Она спрашивает: а какой он был, Бернес? Ширвиндт отвечает: вот Марк, например, в машине, за рулем, а идет дождь, и знакомый просит Бернеса подвезти его. Тот соглашается, но сначала из машины выбрасывается тряпка, чтобы пассажир мог вытереть ноги. Похоже? Подтверждаю: это Бернес.
Ведущая задает тот же вопрос Гердту. Гердт говорит: Бернес был неграмотный. Она в шоке: то есть как? А вот так. Бернес был очень мнителен, жалуется на здоровье, а Гердт ему: да брось, это возрастное. Марк за это хватается: значит, думаешь, возвраст? Гердт: как, как ты сказал? Тот: а что, нужно — возврост? Ведущая растеряна.
А теперь объясняю я. Зиновий Гердт, интеллигентный артист, любит поэзию, знает многое наизусть. Например, стихи Пастернака. Это, конечно, приятно, но ведь не он один их помнит. Бернес, увы, стихов Пастернака на память не знал. Чего не было, того не было. Но — он мог увидеть в «Новом мире» стихотворение, несколько дней перечитывать его и наконец спросить: ты знаком с Евгением Винокуровым? Пускай он мне позвонит… И добавить: первый куплет (он никогда не говорил: «строфу» или «четверостишие») нужно убрать, начать со второго, и последний тоже, но написать другой. Я скажу — о чем. А музыку мы закажем Андрюше Эшпаю… И появлялась песня, да какая! «Сережка с Малой Бронной».
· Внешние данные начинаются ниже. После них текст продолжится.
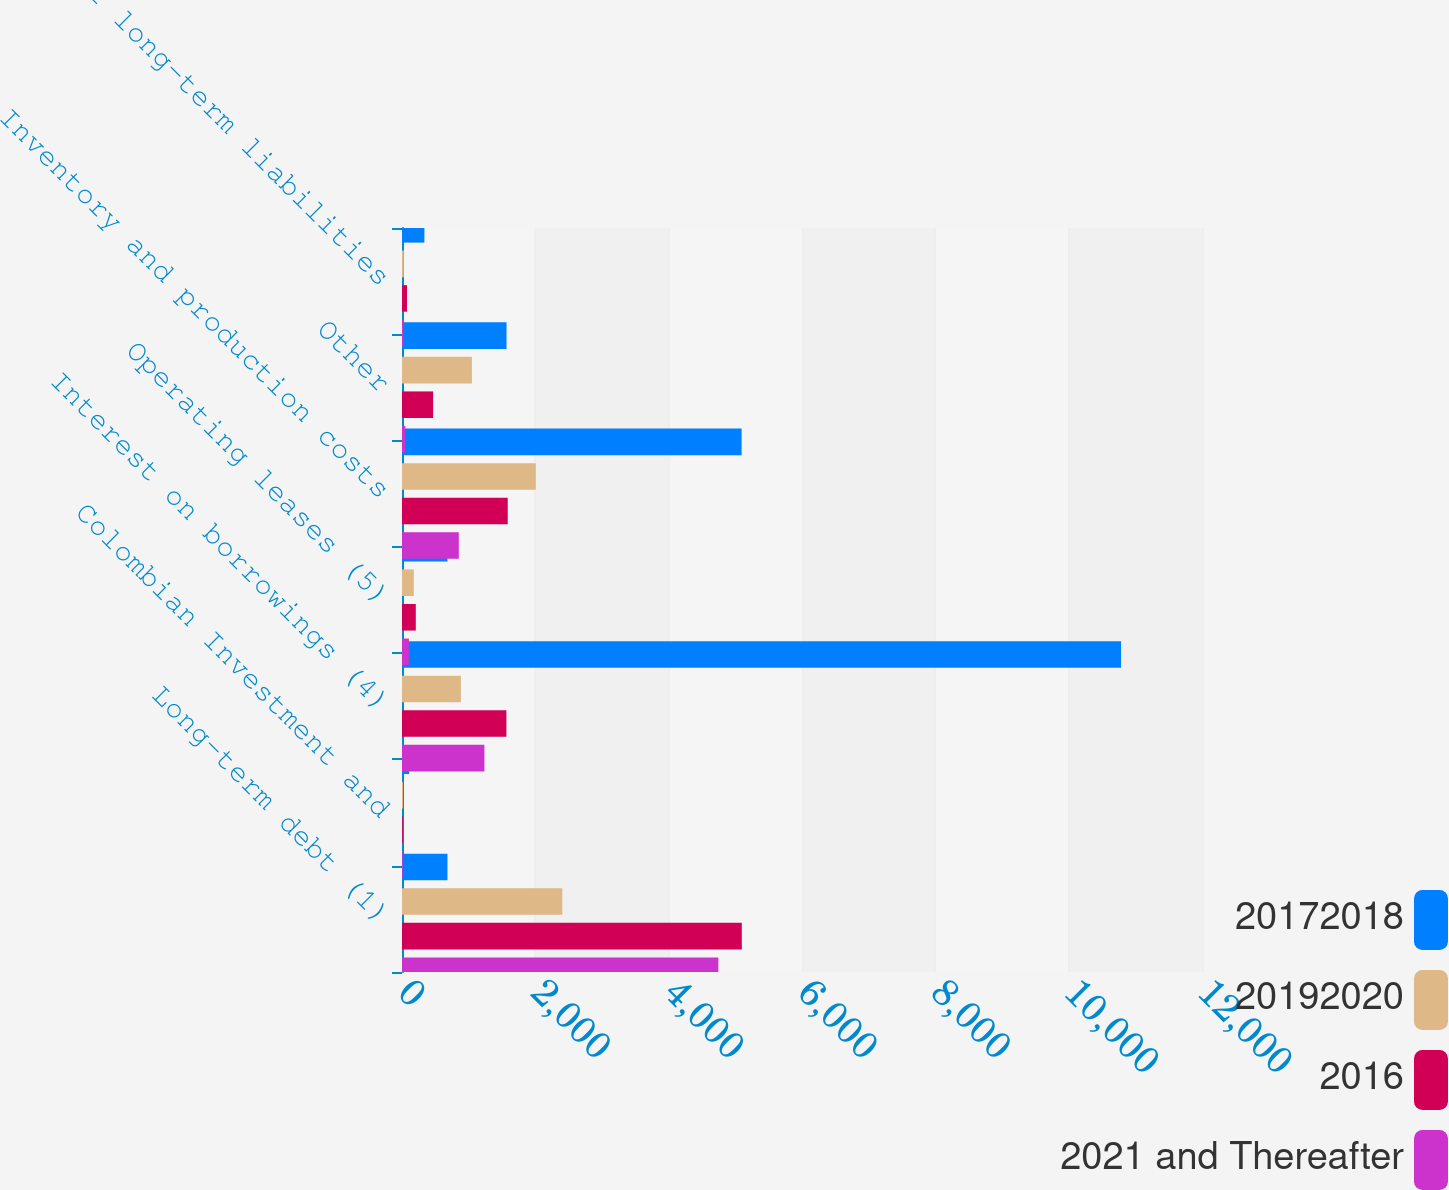<chart> <loc_0><loc_0><loc_500><loc_500><stacked_bar_chart><ecel><fcel>Long-term debt (1)<fcel>Colombian Investment and<fcel>Interest on borrowings (4)<fcel>Operating leases (5)<fcel>Inventory and production costs<fcel>Other<fcel>Other long-term liabilities<nl><fcel>20172018<fcel>682<fcel>107<fcel>10786<fcel>682<fcel>5094<fcel>1568<fcel>336<nl><fcel>20192020<fcel>2405<fcel>15<fcel>883<fcel>177<fcel>2007<fcel>1049<fcel>27<nl><fcel>2016<fcel>5097<fcel>12<fcel>1566<fcel>207<fcel>1586<fcel>467<fcel>75<nl><fcel>2021 and Thereafter<fcel>4745<fcel>12<fcel>1236<fcel>103<fcel>852<fcel>50<fcel>25<nl></chart>

Когда он загорелся сделать песню из моих стихов «Я люблю тебя, жизнь», он попросил их сократить, они были слишком длинными. Мы занимались этим вместе. Там была строфа о московском лифте. Бернес объяснил мне, что данное обстоятельство песне помешает, ибо не все люди, которые будут ее петь (а ее будут петь все! — заметил он строго), видели лифт. Потому что они живут, например, в тундре, в пустыне или, он сказал, в полупустыне. И в этом месте они останутся равнодушными, чего допустить нельзя. Это же песня!..
Вот вам Бернес. Ни один искусствовед так не сформулировал. В песне не должно быть мест, где бы исполнитель или слушатель оставались равнодушными.
Со временем я понял, что эта формула еще глубже, чем кажется спервоначалу. Когда мы читаем роман или рассказ, мы (даже читатели самые квалифицированные) обязательно что-то пропускаем, почти бессознательно: кто — философские рассуждения, кто — описание пейзажа, кто — длинные разговоры. В молодости мы чаще всего рвемся только за сюжетом. Именно поэтому при перечитывании мы всегда находим что-то новое. Даже в коротком лирическом стихотворении мы выделяем наиболее близкие нам строки. Но при пении ничего не проскочишь! Вот в чем фокус. Отсюда: «из песни слова не выкинешь». Слова!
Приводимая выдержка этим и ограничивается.